On the subject of fractures, Crawford recalled how he used to inspect eggs for imperfections, such as hairline cracks and such. Through his mindful observation, he discovered virtually every egg to have some minor "fractures". He used this as an analogy to illustrate his belief that everyone has imperfections - "character fractures" so to speak. Ironically, he forgets to reflect this upon himself. As the Buddha taught, "Let none find fault with others; let none see the omissions and commissions of others. But let one see one's own acts, done and undone." The enlightened commit no crime and make no mistakes. Character flawlessness is an attribute of spiritual perfection. Surely, Crawford did not know the faultless Buddha!
The very moment one looks for fractures in others is the very moment one ceases to look out for one's own. It is spiritually arrogant to think one is flawless while others are flawed. This arrogance ironically, is a glaring flaw that the arrogant miss - or they would not be arrogant in the first place. The morally fractured look for fractures in human-nature to exploit, while the compassionate look for the same fractures in oneself and others to heal them. To entertain an immoral thought is to develop a minor fracture, that might split into a monstrous crack when acted upon. Murder, adultery and deceit in the movie all first spring from entertaining immoral intentions. Incidentally, the unwholesome trio breaks the first, third and fourth of the five basic Buddhist precepts of morality.
Crawford plays with Beachum's weakness of wanting to win. Beachum's attachment to winning thus becomes a weakness instead of a strength during their mind games. Once again, Crawford failed to reflect upon himself, for he too had the same weakness of wanting to win Beachum. Crawford's attachment to his assumed victory over Beachum becomes an open weakness when he gloats over his failure to prove him guilty. This gave Beachum the opportunity to disclose how his "perfect crime" was done. Initially engaged in a contest of egos with Crawford, Beachum transforms the game to a selfless fight for justice. Mindful of his pride as a "fracture", this very mindfulness becomes a strength when ego is put out of the way. On the other hand, Crawford failed to see the fracture of his pride as his major weakness.

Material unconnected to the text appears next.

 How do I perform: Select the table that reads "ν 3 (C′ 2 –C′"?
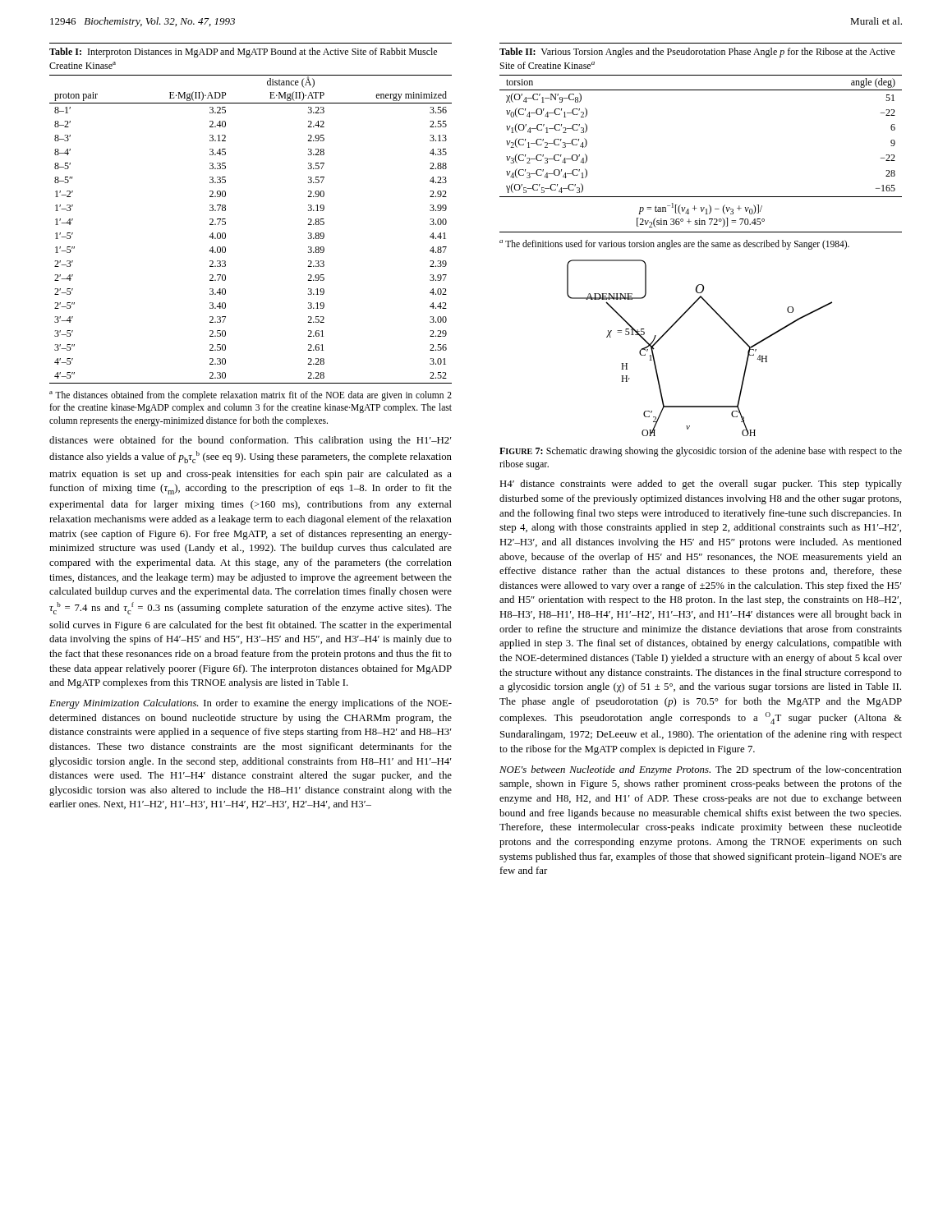coord(701,153)
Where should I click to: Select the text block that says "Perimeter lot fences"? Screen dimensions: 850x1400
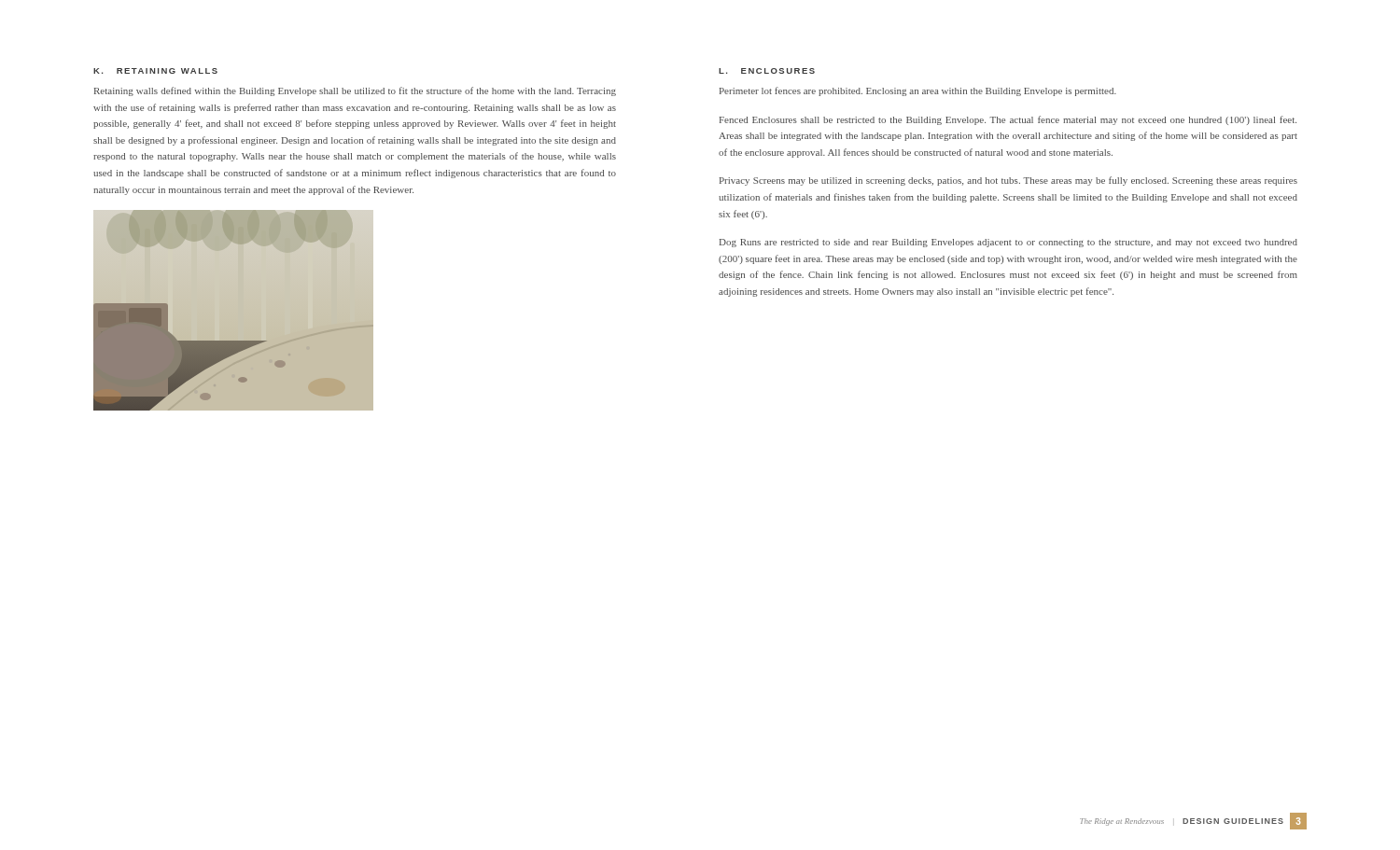(x=917, y=91)

Like all satisfying movies, "Fracture" delivers worthy lessons on how good can triumph over evil. It delivers justice just as the audience would want, though not without unexpected trials and tribulations along the way. If no justice was served by the end of the story, it would be disturbing indeed. Other than being a subtle admonition against pride and fantasies of attempting "perfect crimes", perhaps another moral of the story is this - If we believe in justice and want justice, we should always stand up for justice and live justly.